Futbol ile ilişkilerine baktığımızda her iki insanımız da ulusal ve uluslar arası arenada sporcu veya antrenör olarak herhangi ciddi bir geçmişleri olmadığını görüyoruz.
Şimdi gelelim Zidane ve Platini’ye…
Platini Avrupa ve Dünya Futbolunun gelmiş geçmiş en önemli isimlerinden; hem oynadığı kulüplerin kalitesi ile hem de Avrupa’da üç kez yılın futbolcusu seçilmesiyle.
Zidane için sadece Dünya Kupasını kazandırması yeter de artar bile…
Zaten bu eşleşme kafadan durumu 2-0 mağlup hale getiriyor.
Bence kimsenin Platini’ye kızmaya hakkı yok ki aynı durumda Sayın Erzik olsaydı aynı şeyi yapardı…

Sorun: bizim uluslararası futbol alanında kuvvetli isimlere sahip olamamamızdır.
Ne oynanan veya çalıştırılan kulüp kalitesiyle,
Ne de elde edilen başarıların büyüklüğü ile…
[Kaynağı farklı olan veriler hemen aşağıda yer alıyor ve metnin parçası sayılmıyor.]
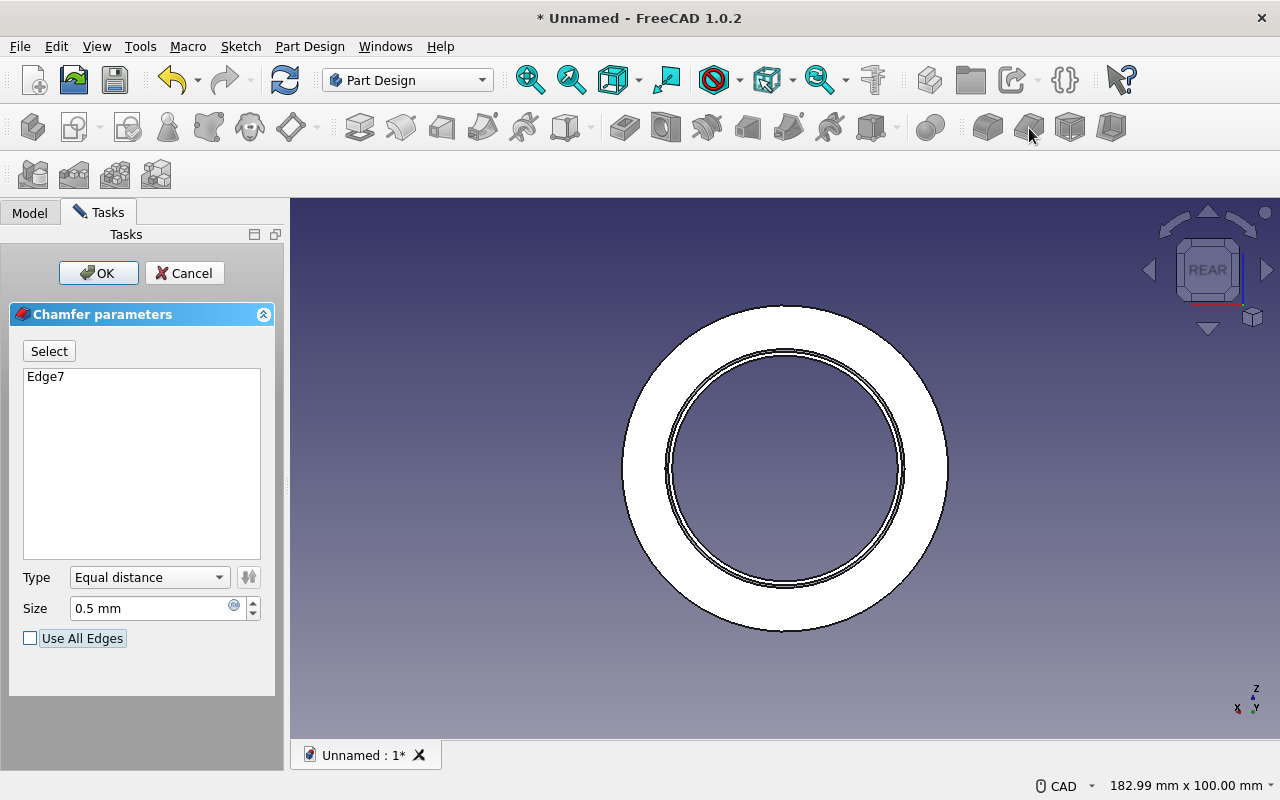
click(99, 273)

Bir tek Galatasaray’ın ve Dünya üçüncüsü Ulusal Takımın arkasına saklanarak bir ömür geçmez.
Doğru olan başarılardaki süreklilik ile beraber Avrupa Futbol Alanında aktif olarak görev almaktır. ‘Futbolcu’ olarak, ‘teknik adam’ olarak…
Aksi taktir de işimiz Godo’yu beklemeye döner.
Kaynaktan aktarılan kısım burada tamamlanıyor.